**Entries supplied**

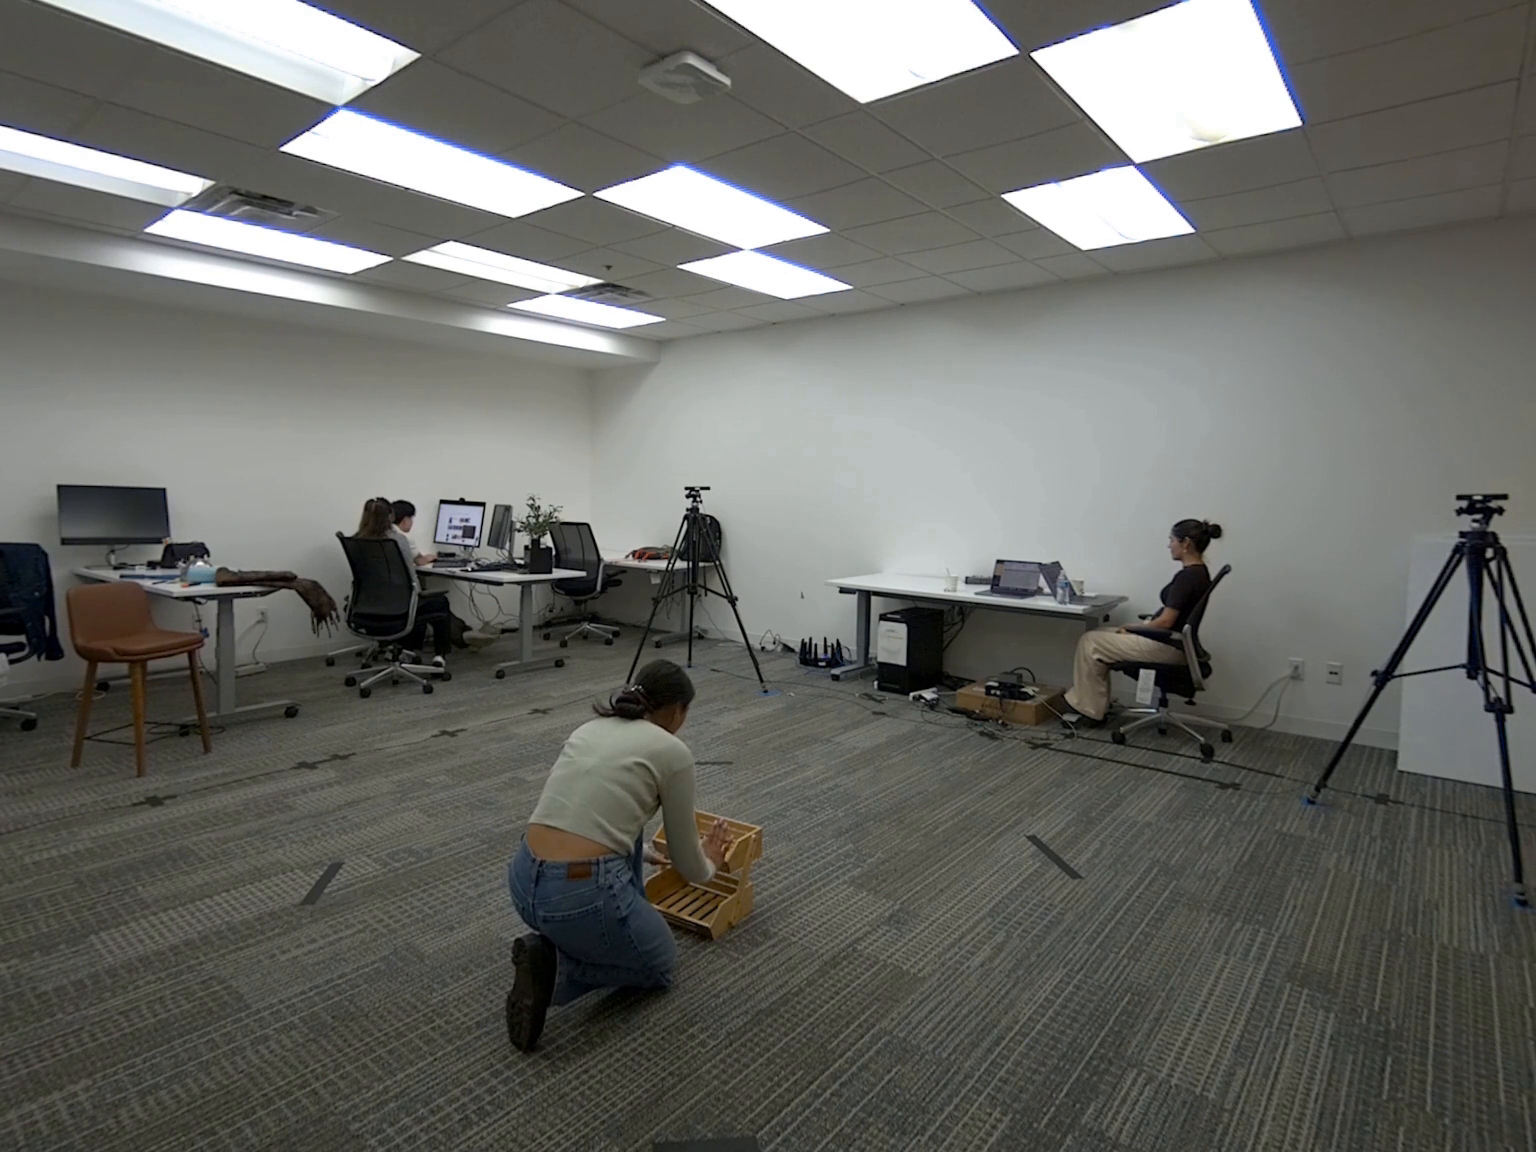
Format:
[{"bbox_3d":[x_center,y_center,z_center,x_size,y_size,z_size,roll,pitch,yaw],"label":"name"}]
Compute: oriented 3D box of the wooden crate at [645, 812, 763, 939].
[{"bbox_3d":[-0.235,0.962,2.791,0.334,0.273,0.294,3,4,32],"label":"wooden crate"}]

==

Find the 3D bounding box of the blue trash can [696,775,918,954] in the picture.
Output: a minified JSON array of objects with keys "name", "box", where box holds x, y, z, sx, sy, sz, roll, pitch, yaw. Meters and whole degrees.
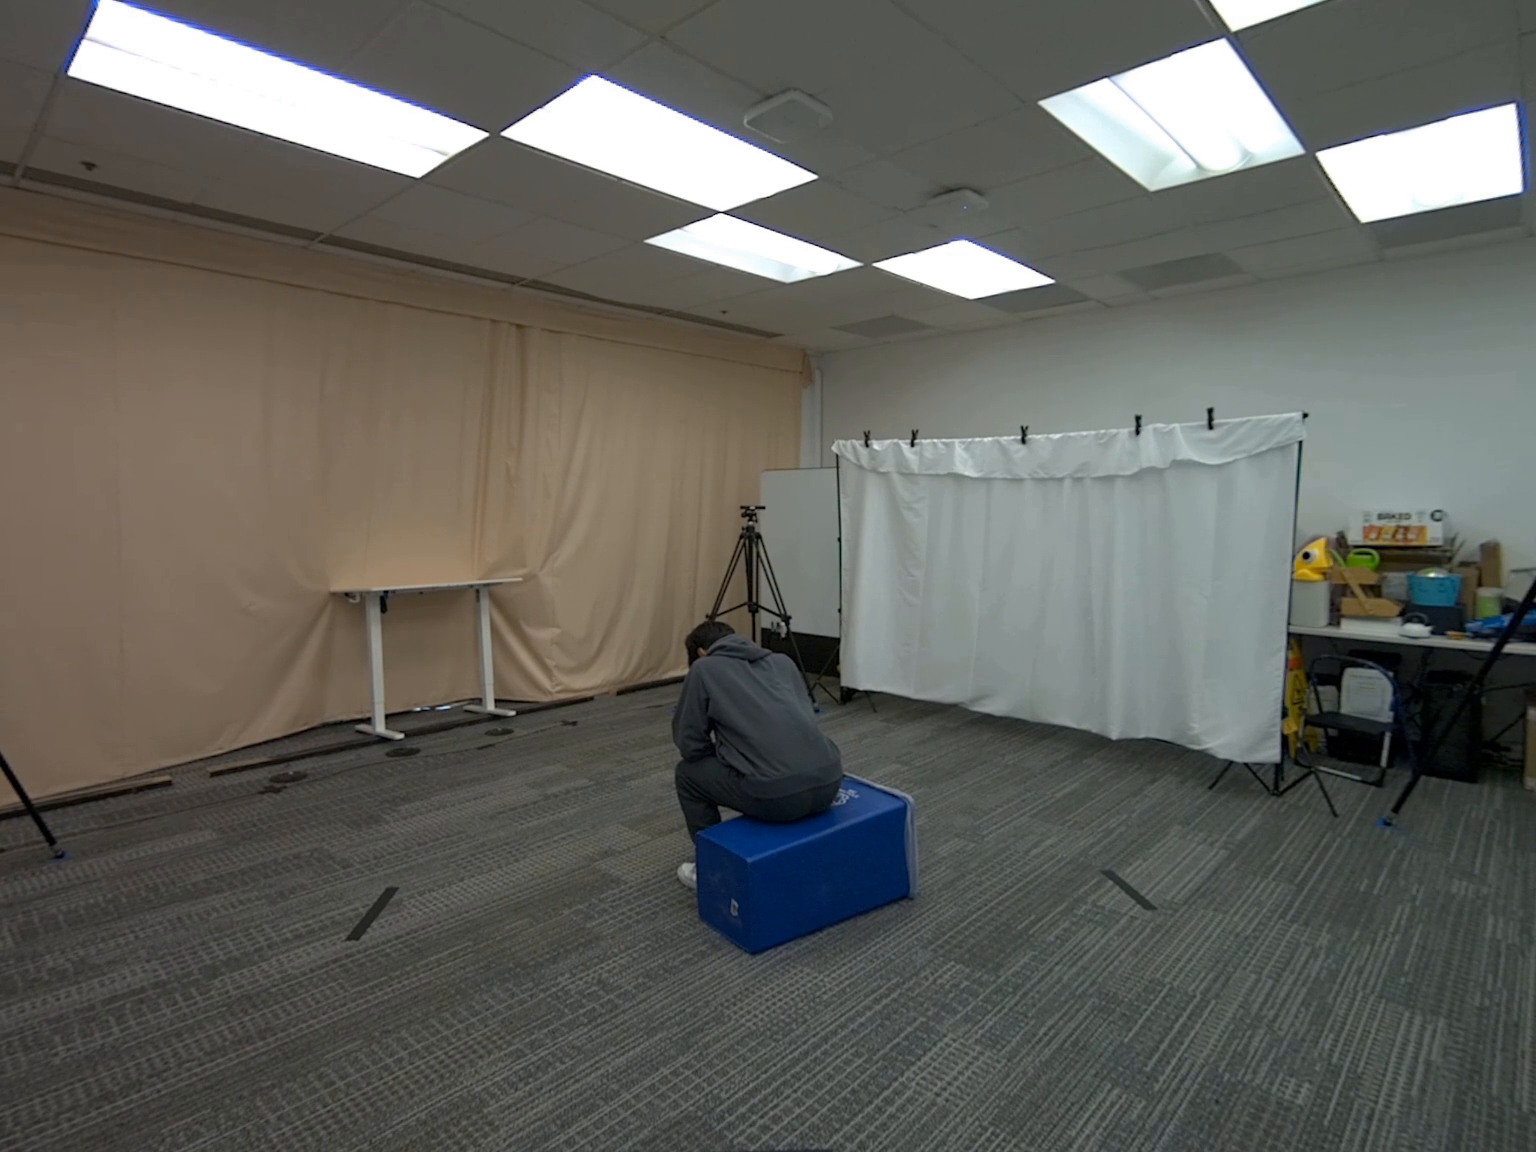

==

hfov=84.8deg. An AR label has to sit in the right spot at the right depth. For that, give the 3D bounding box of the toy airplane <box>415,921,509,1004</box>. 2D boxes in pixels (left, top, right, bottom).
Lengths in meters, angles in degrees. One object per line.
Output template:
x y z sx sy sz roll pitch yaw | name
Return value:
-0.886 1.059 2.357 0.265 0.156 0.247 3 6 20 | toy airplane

**What the task asks**
Would you please return every line in the listing where "Output" shows up?

**Task answer**
Output: a minified JSON array of objects with keys "name", "box", where box holds x, y, z, sx, sy, sz, roll, pitch, yaw. Meters and whole degrees.
Output template:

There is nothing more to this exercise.